二、上訴人則以:兩造為和解時,被上訴人除交付系爭支票外,並言明每月償還20萬元以清償其餘款項,致伊誤信而訂定系爭和解書,伊已依民法第92條規定,以104年3月11日民事答辯狀(下稱系爭答辯狀)之送達為撤銷和解之意思表示。又伊不同意拋棄其餘請求權,故對於重要之爭點有錯誤而為和解,亦得依同法第738 條第3款規定,請求撤銷。另被上訴人於103年11月25日清償20萬元,要求伊簽收,竟利用原十行紙空白處偽填非事實之文字,盜蓋伊印章,不能據此認伊拋棄其餘款項之請求權。況伊於同年月29日欲取回和解書,被上訴人復表示會慢慢償還其餘款項,縱系爭和解書有效,兩造亦已另成立和解契約,被上訴人仍應償還伊362萬元,其提起債務人異議之訴,亦無理由等語,資為抗辯。並聲明:
(一)被上訴人之訴駁回。
(二)訴訟費用由被上訴人負擔。
三、原審判決系爭執行事件之強制執行程序,應予撤銷。上訴人不服,提起上訴,經本院前審廢棄原判決,並駁回被上訴人原審之訴,被上訴人提起第三審上訴,案經最高法院第一次發回更審,上訴人除引用原審及本院前審所提陳述外,於本院補陳略以:
(一)伊於簽訂系爭和解書時,是在不知情之狀況下簽訂拋棄條款。
(二)103年11月23日下午,因系爭確定判決判伊勝訴確定,被上訴人蓄意讓伊誤解,而與親友前去訴外人宋子禎那裡,當時有許多「兄弟」亦在場,而簽立系爭和解書。嗣同年月29日伊前去被上訴人家中,錄音檔是全程的錄音檔。
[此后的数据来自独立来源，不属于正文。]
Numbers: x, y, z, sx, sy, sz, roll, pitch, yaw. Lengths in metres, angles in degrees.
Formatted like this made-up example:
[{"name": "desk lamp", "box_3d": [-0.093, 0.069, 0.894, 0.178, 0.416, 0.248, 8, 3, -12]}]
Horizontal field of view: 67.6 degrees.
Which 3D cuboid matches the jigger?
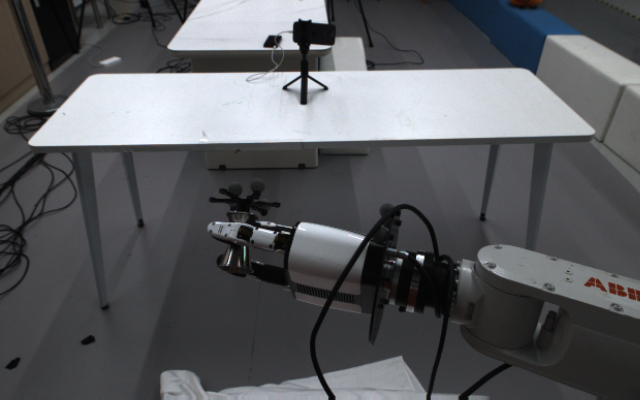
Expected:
[{"name": "jigger", "box_3d": [-0.100, 0.050, 0.587, 0.043, 0.043, 0.071, 5, 71, 4]}]
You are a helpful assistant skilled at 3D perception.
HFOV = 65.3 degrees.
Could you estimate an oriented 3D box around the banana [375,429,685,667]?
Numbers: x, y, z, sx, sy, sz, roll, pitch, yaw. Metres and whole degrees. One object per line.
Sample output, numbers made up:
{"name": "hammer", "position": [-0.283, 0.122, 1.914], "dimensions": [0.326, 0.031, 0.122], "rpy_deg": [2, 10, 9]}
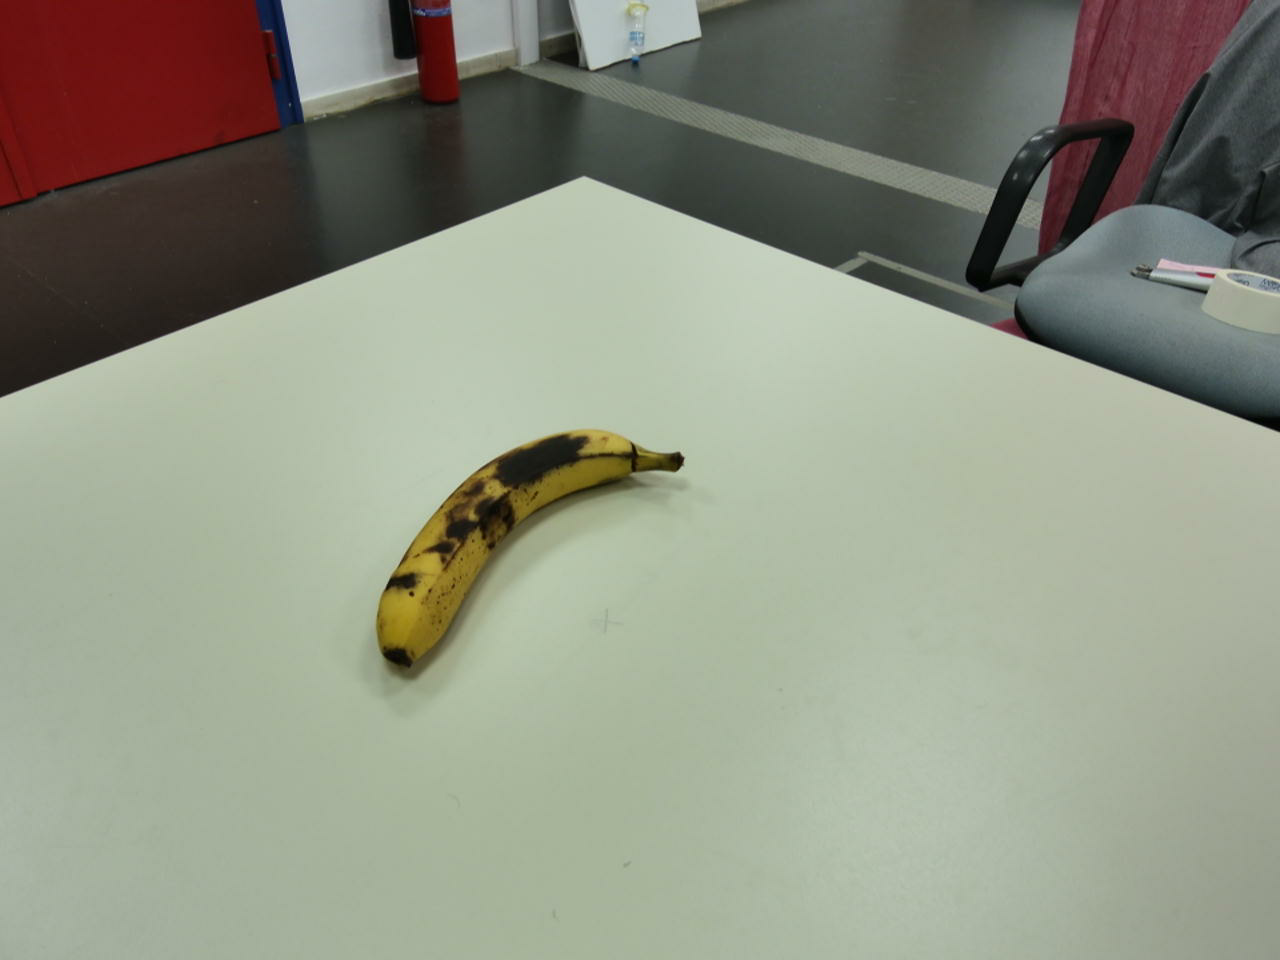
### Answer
{"name": "banana", "position": [-0.074, 0.021, 0.567], "dimensions": [0.084, 0.037, 0.222], "rpy_deg": [29, 45, 31]}

簽立系爭和解書當下,被上訴人向伊表示每月償還20萬元,伊年紀大了,見被上訴人下跪要自殺,在旁親友就說原諒被上訴人,致伊於誤解之下,未看系爭和解書內容即簽名等語。
(三)上訴聲明:
1.原判決廢棄。
2.上開廢棄部分,被上訴人在第一審之訴駁回。
3.第一、二及發回前第三審訴訟費用由被上訴人負擔。
四、被上訴人除引用原審及本院前審陳述外,於本院補充陳述略以:
(一)兩造所簽立之系爭和解書記載:「緣雙方就臺灣高等法院花蓮分院103年度上字第41號股別:為股判決,乙方李宜玲部分,應清償金額達成和解協議如次:①本契約簽訂時乙方即支付甲方(被告)壹佰拾捌萬柒仟陸佰肆拾貳元整。附吉安農會壹張支票號碼AA0000000。②綜上揭給付外,甲方其餘請求權抛棄。」可知,上訴人當場收領被上訴人簽發面額1,187,642元支票後,拋棄其餘對被上訴人之請求權。且上訴人於本院前審中自認其係高職肄業(花蓮商校),閱讀、書寫無任何障礙,難謂無法理解系爭和解書上所載之文字。
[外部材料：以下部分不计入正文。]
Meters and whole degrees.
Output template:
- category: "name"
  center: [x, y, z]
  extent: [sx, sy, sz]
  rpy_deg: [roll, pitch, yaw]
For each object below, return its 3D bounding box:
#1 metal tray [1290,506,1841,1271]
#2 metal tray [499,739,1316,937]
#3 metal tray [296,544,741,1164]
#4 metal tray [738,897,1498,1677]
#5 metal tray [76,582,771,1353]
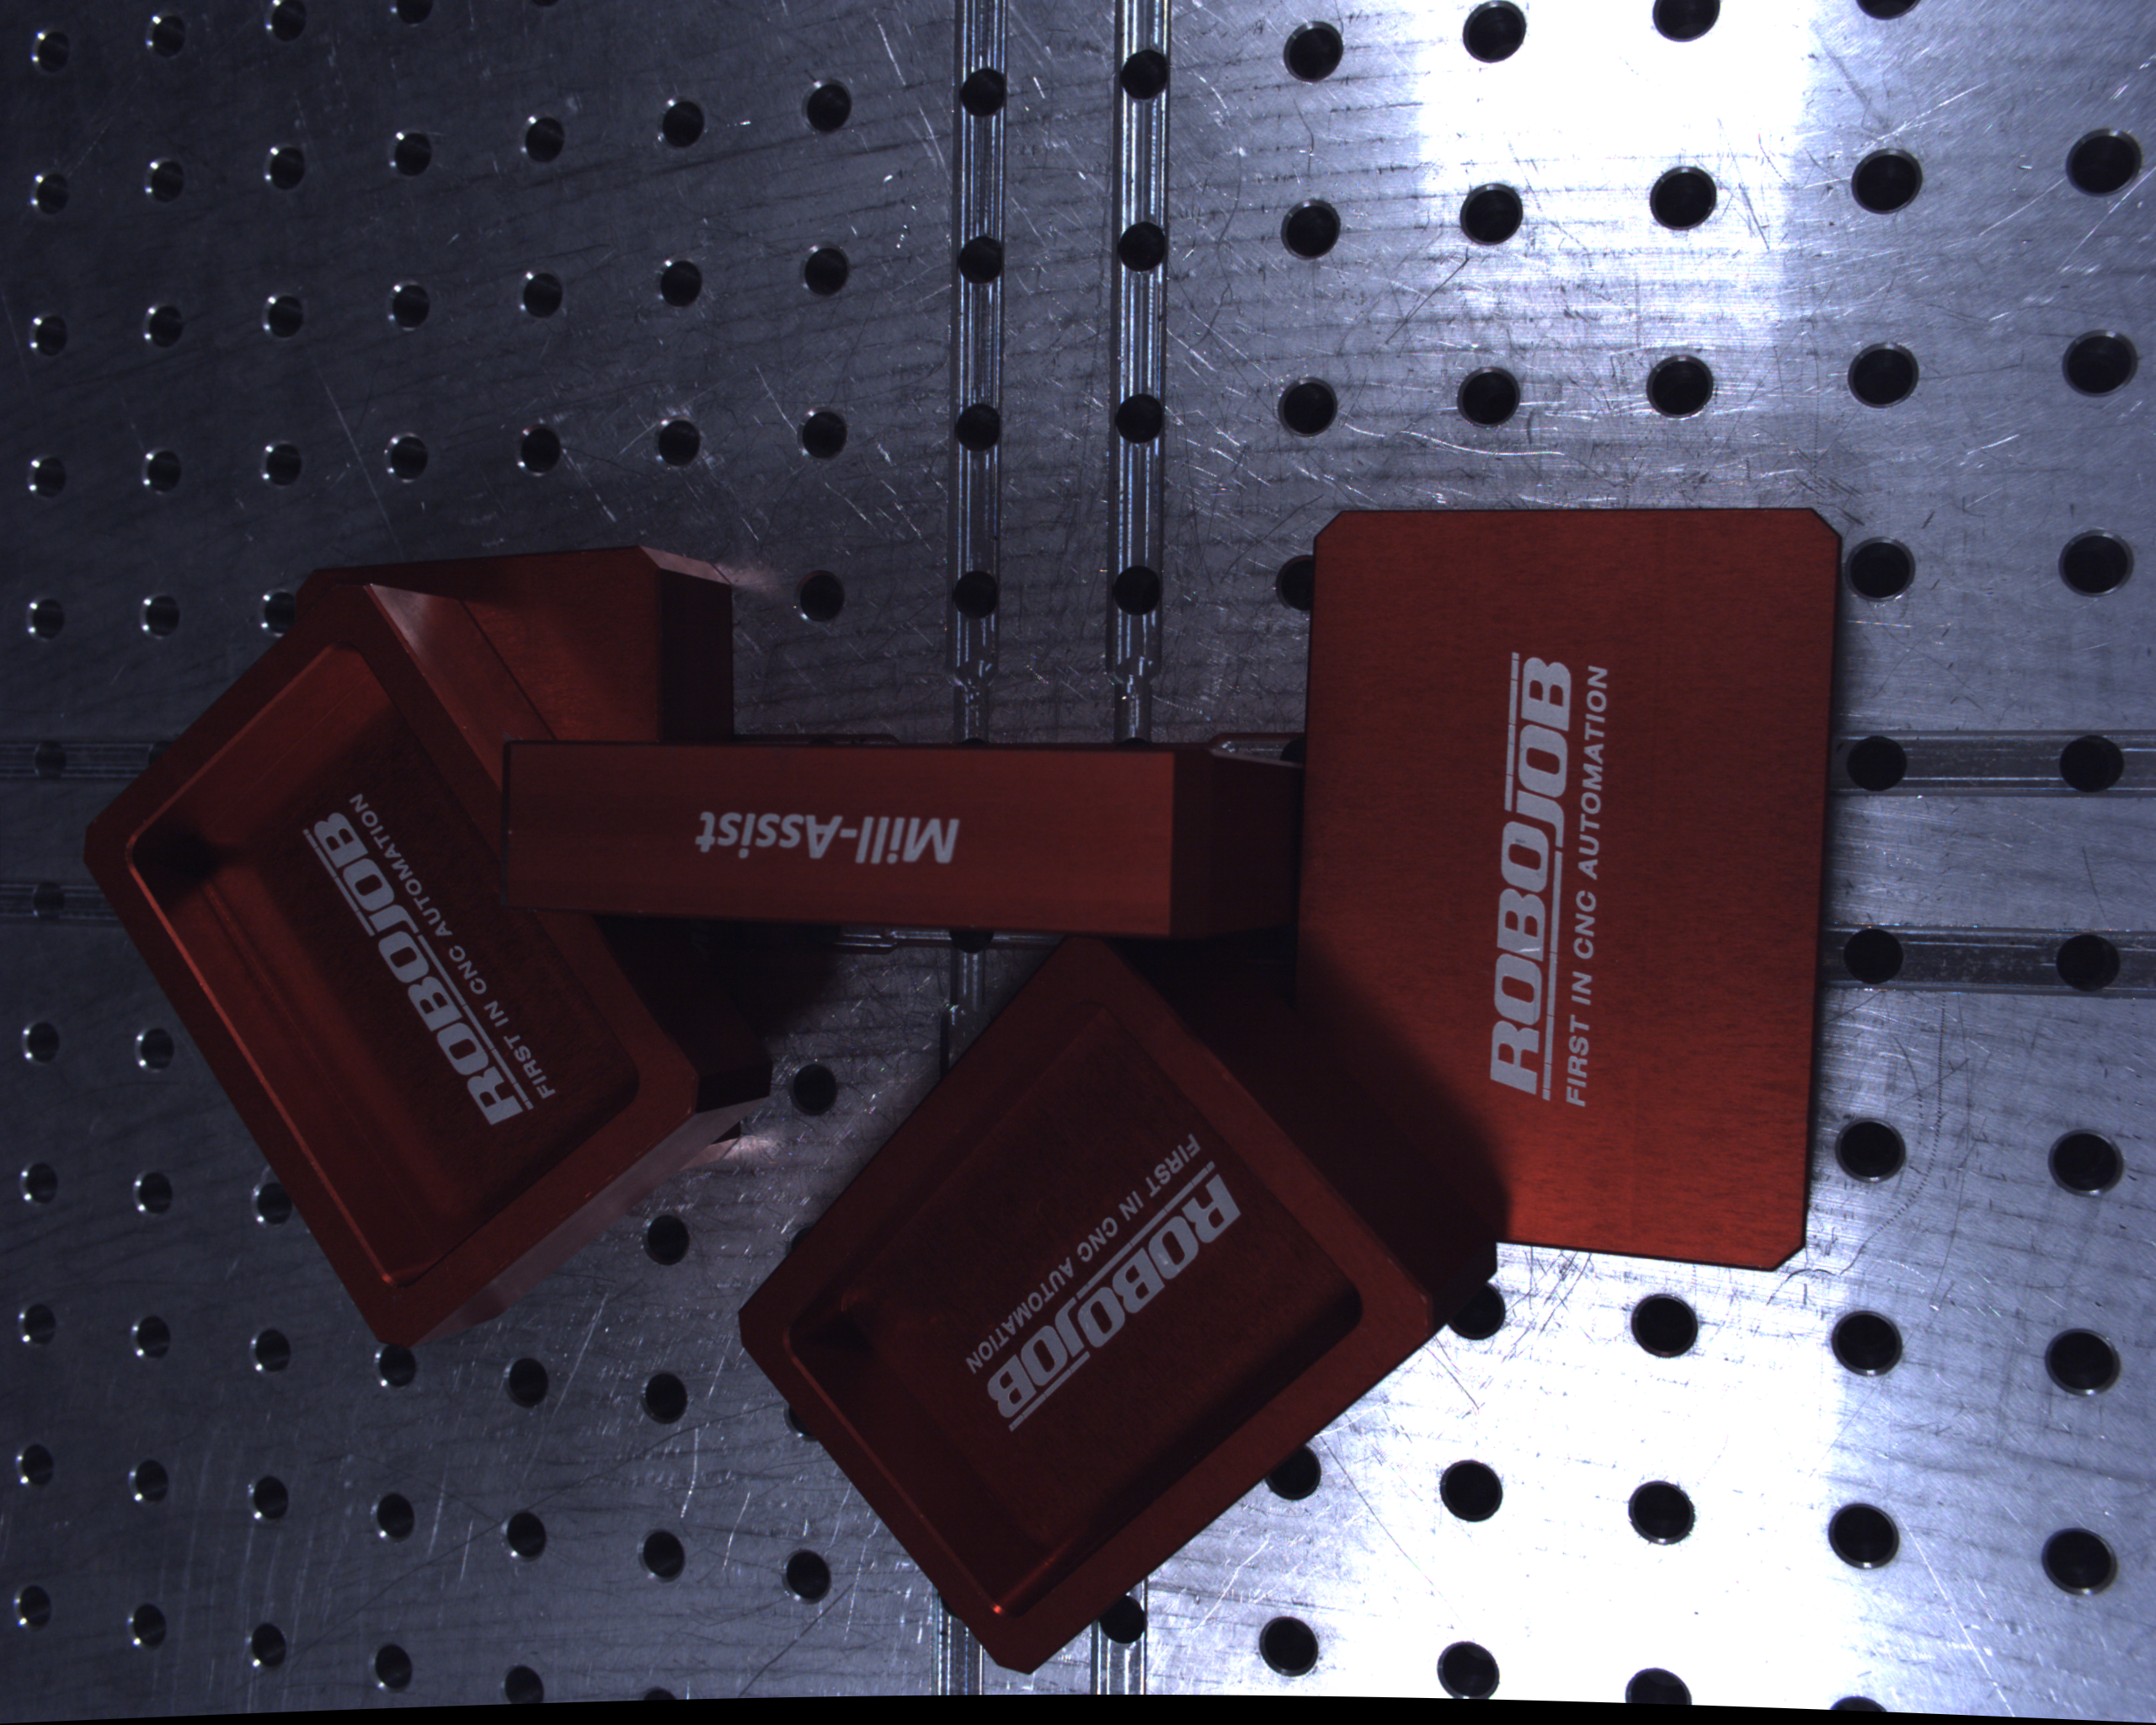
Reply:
- category: "metal tray"
  center: [0.087, 0.003, 0.378]
  extent: [0.090, 0.030, 0.129]
  rpy_deg: [3, 91, 19]
- category: "metal tray"
  center: [-0.027, -0.005, 0.386]
  extent: [0.130, 0.090, 0.030]
  rpy_deg: [2, 91, 19]
- category: "metal tray"
  center: [-0.121, 0.000, 0.451]
  extent: [0.090, 0.030, 0.129]
  rpy_deg: [-1, 90, 20]
- category: "metal tray"
  center: [0.002, 0.081, 0.388]
  extent: [0.090, 0.030, 0.129]
  rpy_deg: [48, 121, 13]
- category: "metal tray"
  center: [-0.134, 0.020, 0.422]
  extent: [0.090, 0.030, 0.130]
  rpy_deg: [-39, 78, 15]

(二)上訴人雖稱兩造於103年11月22日簽訂系爭和解書時,被上訴人曾表示除交付系爭支票外,每月再償還20萬元,然此與系爭和解書第2點所載不符。且若以被上訴人每月再償還20萬元為和解之條件,絕不可能於系爭和解書記載上訴人拋棄其餘請求,或未將之刪除。更何況當時在場之訴外人,均為與被上訴人於本院前審立場相對之人,在未詳細確認系爭和解書之內容與自身權利,即簽名捺印,難謂有何重要爭點之錯誤。且上開主張並未記載於系爭和解書,以及證人宋子禎於原審之證述,可知兩造並未就事後是否再償還部分明確約定,縱被上訴人曾口頭表示償還,亦屬自然債務,不得為上訴人聲請強制執行之標的。
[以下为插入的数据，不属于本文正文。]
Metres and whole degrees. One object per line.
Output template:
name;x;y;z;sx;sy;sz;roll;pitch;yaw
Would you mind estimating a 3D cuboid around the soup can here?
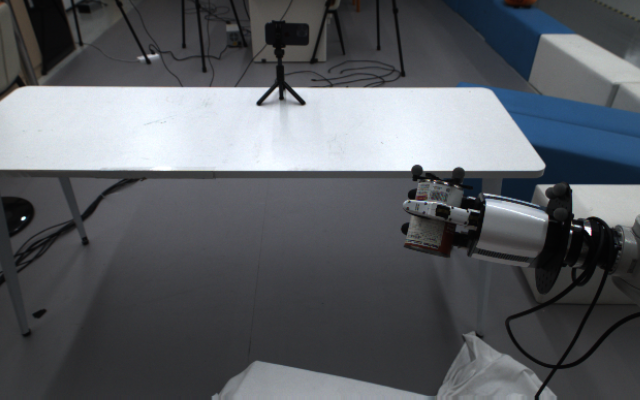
soup can;0.168;0.026;0.708;0.067;0.101;0.067;13;-7;2

(三)再者,上訴人於103年11月25日復立字據,表示受領被上訴人20萬元作為兩造系爭確定判決之第一、二審訴訟費用之賠償,嗣後不再向被上訴人要求其他賠償或其他異議等語,即明確表示不再向被上訴人請求之意思,此有證人陳春蘭於原審之證詞可佐,足認該字據之內容係依上訴人當天所述而寫下,應符合上訴人本人之意思。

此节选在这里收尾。